Use the code snippet below to register the BigQueryTableDataset in the catalog. Upon being fed into a Kedro node, this dataset will yield the corresponding table in the form of a PySpark dataframe.
Note
Our implementation of the BigQueryTableDataset is essentially a wrapper of the spark-bigquery-connector. Optimization techniques such as predicate pushdown are automatically performed upon usage.
# catalog.yml
example.bigquery.dataset:
type: matrix.datasets.gcp.BigQueryTableDataset
project_id: <hub_project_id>
dataset: <kg_dataset_name>
table: <table_name>
Accessing Neo4J data
Examples pending
We aim to add some examples on querying the biolink graph as soon as the instance is running.
Graph data in Neo4J is accessed through another custom dataset.

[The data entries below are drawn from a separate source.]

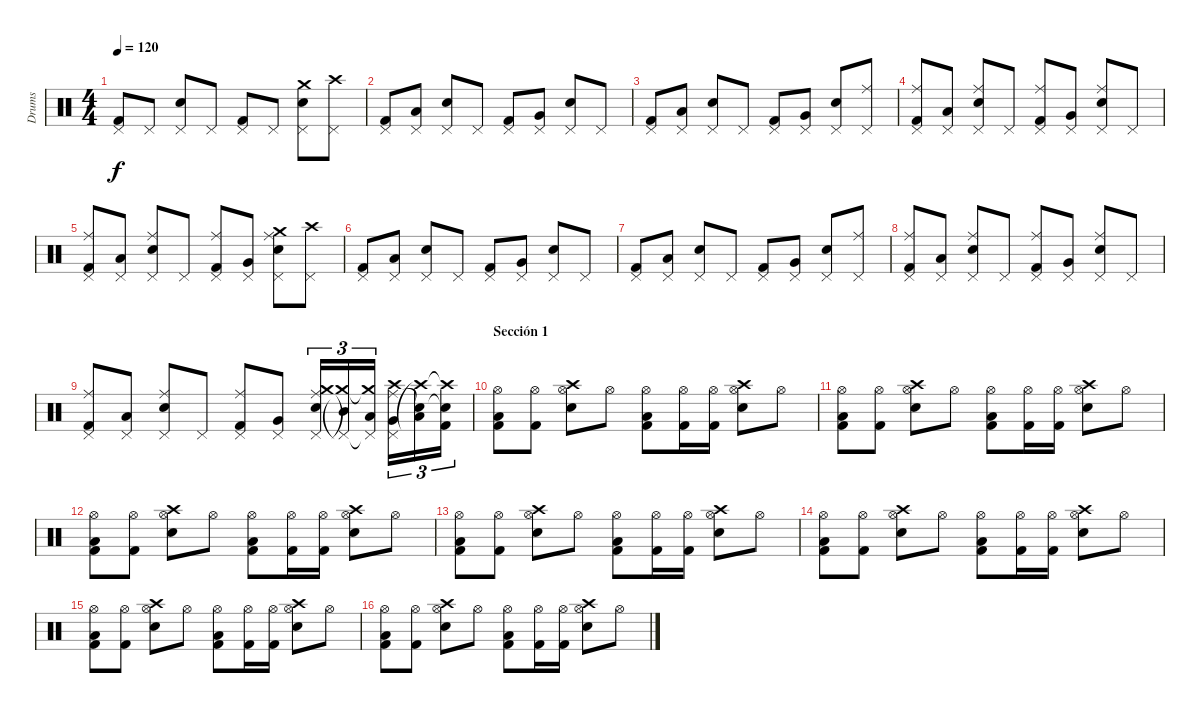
\track ("Drums" "Drums") {instrument percussion}
\staff {score}
\articulation defaults
\ts (4 4)
\tempo 120
\clef neutral
\ks c
("Pedal Hi-Hat (hit)" "Kick (hit) 2").8{dy f} "Pedal Hi-Hat (hit)".8 ("Pedal Hi-Hat (hit)" "Snare (hit) 2").8 "Pedal Hi-Hat (hit)".8 ("Pedal Hi-Hat (hit)" "Kick (hit) 2").8 "Pedal Hi-Hat (hit)".8 ("Pedal Hi-Hat (hit)" "Crash medium (hit)" "Snare (hit) 2").8 ("Pedal Hi-Hat (hit)" "Crash high (hit)").8 |
("Pedal Hi-Hat (hit)" "Kick (hit) 2").8 ("Pedal Hi-Hat (hit)" "Low Tom (hit)").8 ("Pedal Hi-Hat (hit)" "Snare (hit) 2").8 "Pedal Hi-Hat (hit)".8 ("Pedal Hi-Hat (hit)" "Kick (hit) 2").8 ("Pedal Hi-Hat (hit)" "Very Low Tom (hit)").8 ("Pedal Hi-Hat (hit)" "Snare (hit) 2").8 "Pedal Hi-Hat (hit)".8 |
("Pedal Hi-Hat (hit)" "Kick (hit) 2").8 ("Pedal Hi-Hat (hit)" "Low Tom (hit)").8 ("Pedal Hi-Hat (hit)" "Snare (hit) 2").8 "Pedal Hi-Hat (hit)".8 ("Pedal Hi-Hat (hit)" "Kick (hit) 2").8 ("Pedal Hi-Hat (hit)" "Very Low Tom (hit)").8 ("Pedal Hi-Hat (hit)" "Snare (hit) 2").8 ("Pedal Hi-Hat (hit)" "Ride (middle)").8 |
("Ride (middle)" "Pedal Hi-Hat (hit)" "Kick (hit) 2").8 ("Pedal Hi-Hat (hit)" "Low Tom (hit)").8 ("Ride (middle)" "Pedal Hi-Hat (hit)" "Snare (hit) 2").8 "Pedal Hi-Hat (hit)".8 ("Ride (middle)" "Pedal Hi-Hat (hit)" "Kick (hit) 2").8 ("Pedal Hi-Hat (hit)" "Very Low Tom (hit)").8 ("Ride (middle)" "Pedal Hi-Hat (hit)" "Snare (hit) 2").8 "Pedal Hi-Hat (hit)".8 |
("Ride (middle)" "Pedal Hi-Hat (hit)" "Kick (hit) 2").8 ("Pedal Hi-Hat (hit)" "Low Tom (hit)").8 ("Ride (middle)" "Pedal Hi-Hat (hit)" "Snare (hit) 2").8 "Pedal Hi-Hat (hit)".8 ("Ride (middle)" "Pedal Hi-Hat (hit)" "Kick (hit) 2").8 ("Pedal Hi-Hat (hit)" "Very Low Tom (hit)").8 ("Ride (middle)" "Pedal Hi-Hat (hit)" "Crash medium (hit)" "Snare (hit) 2").8 ("Pedal Hi-Hat (hit)" "Crash high (hit)").8 |
("Pedal Hi-Hat (hit)" "Kick (hit) 2").8 ("Pedal Hi-Hat (hit)" "Low Tom (hit)").8 ("Pedal Hi-Hat (hit)" "Snare (hit) 2").8 "Pedal Hi-Hat (hit)".8 ("Pedal Hi-Hat (hit)" "Kick (hit) 2").8 ("Pedal Hi-Hat (hit)" "Very Low Tom (hit)").8 ("Pedal Hi-Hat (hit)" "Snare (hit) 2").8 "Pedal Hi-Hat (hit)".8 |
("Pedal Hi-Hat (hit)" "Kick (hit) 2").8 ("Pedal Hi-Hat (hit)" "Low Tom (hit)").8 ("Pedal Hi-Hat (hit)" "Snare (hit) 2").8 "Pedal Hi-Hat (hit)".8 ("Pedal Hi-Hat (hit)" "Kick (hit) 2").8 ("Pedal Hi-Hat (hit)" "Very Low Tom (hit)").8 ("Pedal Hi-Hat (hit)" "Snare (hit) 2").8 ("Pedal Hi-Hat (hit)" "Ride (middle)").8 |
("Ride (middle)" "Pedal Hi-Hat (hit)" "Kick (hit) 2").8 ("Pedal Hi-Hat (hit)" "Low Tom (hit)").8 ("Ride (middle)" "Pedal Hi-Hat (hit)" "Snare (hit) 2").8 "Pedal Hi-Hat (hit)".8 ("Ride (middle)" "Pedal Hi-Hat (hit)" "Kick (hit) 2").8 ("Pedal Hi-Hat (hit)" "Very Low Tom (hit)").8 ("Ride (middle)" "Pedal Hi-Hat (hit)" "Snare (hit) 2").8 "Pedal Hi-Hat (hit)".8 |
("Ride (middle)" "Pedal Hi-Hat (hit)" "Kick (hit) 2").8 ("Pedal Hi-Hat (hit)" "Low Tom (hit)").8 ("Ride (middle)" "Pedal Hi-Hat (hit)" "Snare (hit) 2").8 "Pedal Hi-Hat (hit)".8 ("Ride (middle)" "Pedal Hi-Hat (hit)" "Kick (hit) 2").8 ("Pedal Hi-Hat (hit)" "Very Low Tom (hit)").8 ("Ride (middle)" "Pedal Hi-Hat (hit)" "Crash medium (hit)" "Snare (hit) 2").16{tu (3 2)} ("Pedal Hi-Hat (hit)"{t} "Crash medium (hit)"{t} "Mid Tom (hit)").16{tu (3 2)} ("Pedal Hi-Hat (hit)"{t} "Crash medium (hit)"{t} "Low Tom (hit)").16{tu (3 2)} ("Ride (middle)" "Pedal Hi-Hat (hit)" "Crash high (hit)" "Very Low Tom (hit)").16{tu (3 2)} ("Snare (hit)"{t} "Crash high (hit)"{t} "Low Floor Tom (hit)").16{tu (3 2)} ("Snare (hit)"{t} "Crash high (hit)"{t} "Kick (hit) 2").16{tu (3 2)} |
\section ("" "Sección 1")
("Hi-Hat (open)" "Low Tom (hit)" "Kick (hit) 2").8 ("Hi-Hat (open)" "Kick (hit) 2").8 ("Hi-Hat (open)" "Crash high (hit)" "Snare (hit) 2").8 "Hi-Hat (open)".8 ("Hi-Hat (open)" "Low Tom (hit)" "Kick (hit) 2").8 ("Hi-Hat (open)" "Kick (hit) 2").16 ("Hi-Hat (open)" "Kick (hit) 2").16 ("Hi-Hat (open)" "Crash high (hit)" "Snare (hit) 2").8 "Hi-Hat (open)".8 |
("Hi-Hat (open)" "Low Tom (hit)" "Kick (hit) 2").8 ("Hi-Hat (open)" "Kick (hit) 2").8 ("Hi-Hat (open)" "Crash high (hit)" "Snare (hit) 2").8 "Hi-Hat (open)".8 ("Hi-Hat (open)" "Low Tom (hit)" "Kick (hit) 2").8 ("Hi-Hat (open)" "Kick (hit) 2").16 ("Hi-Hat (open)" "Kick (hit) 2").16 ("Hi-Hat (open)" "Crash high (hit)" "Snare (hit) 2").8 "Hi-Hat (open)".8 |
("Hi-Hat (open)" "Low Tom (hit)" "Kick (hit) 2").8 ("Hi-Hat (open)" "Kick (hit) 2").8 ("Hi-Hat (open)" "Crash high (hit)" "Snare (hit) 2").8 "Hi-Hat (open)".8 ("Hi-Hat (open)" "Low Tom (hit)" "Kick (hit) 2").8 ("Hi-Hat (open)" "Kick (hit) 2").16 ("Hi-Hat (open)" "Kick (hit) 2").16 ("Hi-Hat (open)" "Crash high (hit)" "Snare (hit) 2").8 "Hi-Hat (open)".8 |
("Hi-Hat (open)" "Low Tom (hit)" "Kick (hit) 2").8 ("Hi-Hat (open)" "Kick (hit) 2").8 ("Hi-Hat (open)" "Crash high (hit)" "Snare (hit) 2").8 "Hi-Hat (open)".8 ("Hi-Hat (open)" "Low Tom (hit)" "Kick (hit) 2").8 ("Hi-Hat (open)" "Kick (hit) 2").16 ("Hi-Hat (open)" "Kick (hit) 2").16 ("Hi-Hat (open)" "Crash high (hit)" "Snare (hit) 2").8 "Hi-Hat (open)".8 |
("Hi-Hat (open)" "Low Tom (hit)" "Kick (hit) 2").8 ("Hi-Hat (open)" "Kick (hit) 2").8 ("Hi-Hat (open)" "Crash high (hit)" "Snare (hit) 2").8 "Hi-Hat (open)".8 ("Hi-Hat (open)" "Low Tom (hit)" "Kick (hit) 2").8 ("Hi-Hat (open)" "Kick (hit) 2").16 ("Hi-Hat (open)" "Kick (hit) 2").16 ("Hi-Hat (open)" "Crash high (hit)" "Snare (hit) 2").8 "Hi-Hat (open)".8 |
("Hi-Hat (open)" "Low Tom (hit)" "Kick (hit) 2").8 ("Hi-Hat (open)" "Kick (hit) 2").8 ("Hi-Hat (open)" "Crash high (hit)" "Snare (hit) 2").8 "Hi-Hat (open)".8 ("Hi-Hat (open)" "Low Tom (hit)" "Kick (hit) 2").8 ("Hi-Hat (open)" "Kick (hit) 2").16 ("Hi-Hat (open)" "Kick (hit) 2").16 ("Hi-Hat (open)" "Crash high (hit)" "Snare (hit) 2").8 "Hi-Hat (open)".8 |
("Hi-Hat (open)" "Low Tom (hit)" "Kick (hit) 2").8 ("Hi-Hat (open)" "Kick (hit) 2").8 ("Hi-Hat (open)" "Crash high (hit)" "Snare (hit) 2").8 "Hi-Hat (open)".8 ("Hi-Hat (open)" "Low Tom (hit)" "Kick (hit) 2").8 ("Hi-Hat (open)" "Kick (hit) 2").16 ("Hi-Hat (open)" "Kick (hit) 2").16 ("Hi-Hat (open)" "Crash high (hit)" "Snare (hit) 2").8 "Hi-Hat (open)".8

This dataset essentially wraps the Neo4J Spark Connector.
The Neo4J dataset allows for pulling data from Neo4J in the form of a Spark dataframe, in tabular format. Given that Neo4J stores data in graph format, the dataset requires additional configuration to convert graph data into a tabular structure and visa versa. That's where the load_args and save_args come in.
# catalog.yml
example.neo4j.dataset:
type: matrix.datasets.neo4j.Neo4JSparkDataset
database: everycure-<version>
url: <neo4j_host>
table: <table_name>
# Credentials
credentials:
authentication.type: basic
authentication.basic.username: neo4j
authentication.basic.password: <neo4j_password>
# Mapping the graph to tabular structure, i.e.,
# the following configuration retrieves all nodes
# with the `Entity` label into a table, where each
# row is a node from the graph, and columns represent
# their properies.
# https://neo4j.com/docs/spark/current/read/options/
load_args:
labels: :Entity
# Mapping tabular structure to graph, i.e., save
# each row from the Spark dataframe into a distinct
# node with the `Entity` label. Columns from the
# dataframe are used as node properties.
# https://neo4j.com/docs/spark/current/write/options/
save_args:
labels: :Entity
Cypher based access
For more exploratory data analysis, the Neo4J instance can be accessed directly via the API endpoint.
Bigquery based access
The tabular representation of our knowledge-graph can also be accessed directly through BigQuery Studio.
Future work
This is a very preliminary version of our API spec. Future refinements may include:
- Confidence scores for edges in source data
- Expanding the biolink model for RWE data
- Enriching the graph with information of the publication
- Connections to merge different ontologies
- Discuss adding
knowledge_levelandagent_typesee link.